The behaviours and personal attributes of the effective non-executive director
The Combined Code on Corporate Governance, issued in 2006 and 2008, gives some practical guidance specifically to non-executive directors, stating that:
“As part of their role as members of a unitary board, non-executive directors should constructively challenge and help develop proposals on strategy. Non-executive directors should scrutinise the performance of management in meeting agreed goals and objectives and monitor the reporting of performance. They should satisfy themselves on the integrity of financial information and that financial controls and systems of risk management are robust and defensible. They are responsible for determining appropriate levels of remuneration of executive directors and have a prime role in appointing, and where necessary removing, executive directors, and in succession planning.” [55]

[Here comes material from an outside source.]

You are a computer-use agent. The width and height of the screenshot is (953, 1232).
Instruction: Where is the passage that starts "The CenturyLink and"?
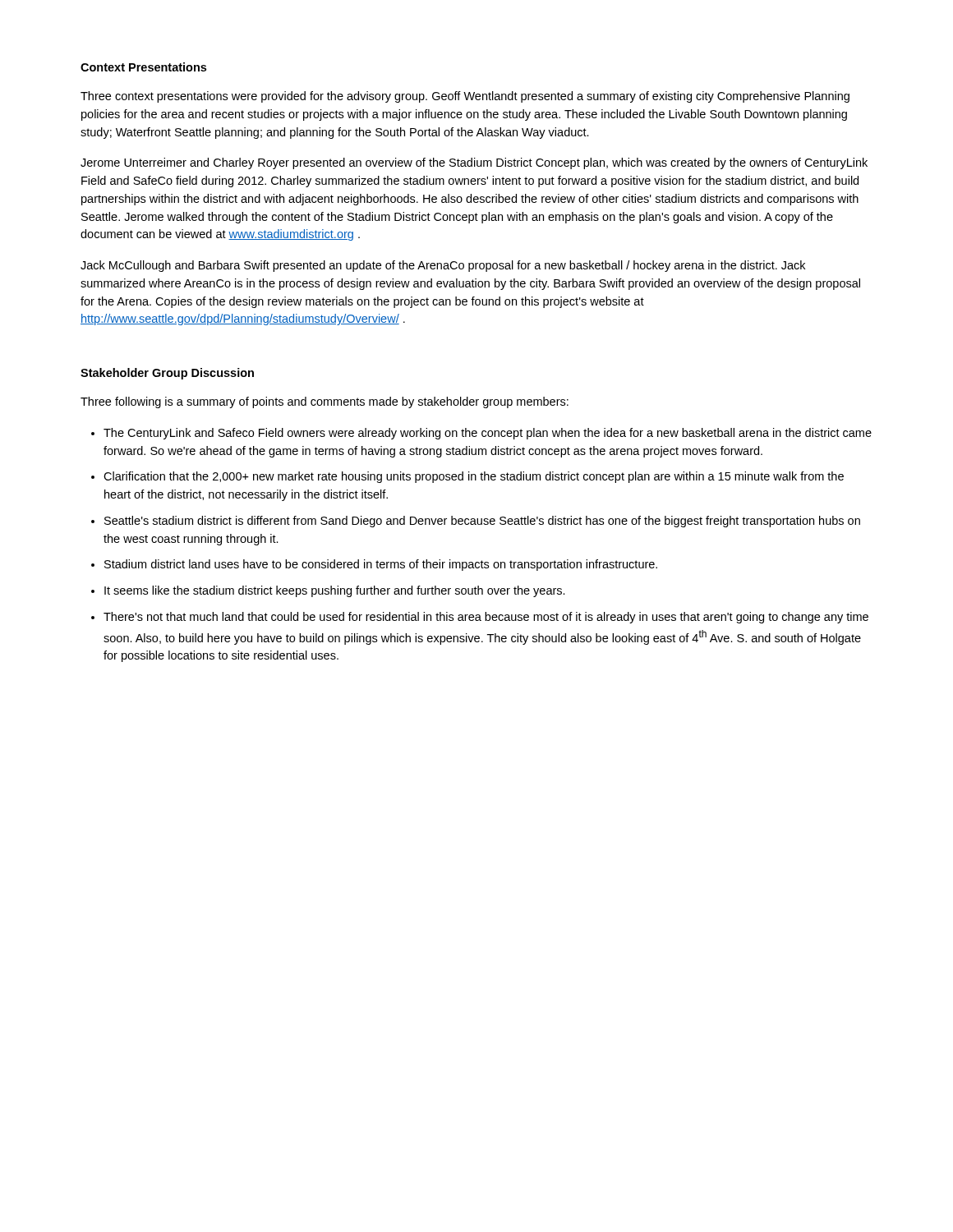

Obstacles faced by the Non-Executive Directors in effectively monitoring the management of the company:
The increased managerial pressure. [56] Rapid changes in executive compensation generally makes corporate managers far more interested in maximizing the firm’s short-term profits- without taking into consideration whether the resulting stock price spike could be sustained for long or not. Thus incentivized, corporate managers find ways to pressure or seduce their gatekeepers which includes the NEDs into acquiescence in increasingly riskier accounting policies; and
The stock market bubble. [57] During a bubble, investors tend to lose their scepticism, and may come to expect stock prices to soar annually. In this environment of market euphoria, the gatekeepers such as the NEDs become irrelevant- or, even worse, shareholders reinforce the pressure on them for the use of risky and/ or unacceptable accounting policies in order to maintain inflated earnings growth. Caught between the pressure of executives and stockholders for relentlessly increasing profits, NEDs are not left with much option but to tell their audience what they want to hear.
Conclusion:
In the past there was a clear balance of power in favour of the executives, particularly the Chief Executive which gave non-executives the status of mere spectators of the company’s performance. But now there is much evidence to suggest these practices are now changing, and that independent non-executives practice greater influence upon company direction. The move in favour of independent directors, which was initiated as a “good governance” buzz word, has become in some respects a mandatory element of corporate law.
Post-Enron federal laws require public companies to have an audit committee comprised exclusively of independent directors. In law there is no difference between non executive directors and executive directors and the Companies Act merely mentions “directors” who are all equally responsible and to an extent liable, for the company’s actions. In addressing the post Higgs governance guidelines on the majority of directors being non executive / independent it seems that the balance has shifted so far that the executive directors are approaching the era where they’ll end up as a small minority in the larger companies.
In the end, it must be understood that the executive directors are captives of their gatekeepers, the Non Executive Directors. No board of directors – no matter how competent and loyal its members – can surpass its professional advisors. Only if the board’s agents properly monitor, advise and warn it, can the board function effectively.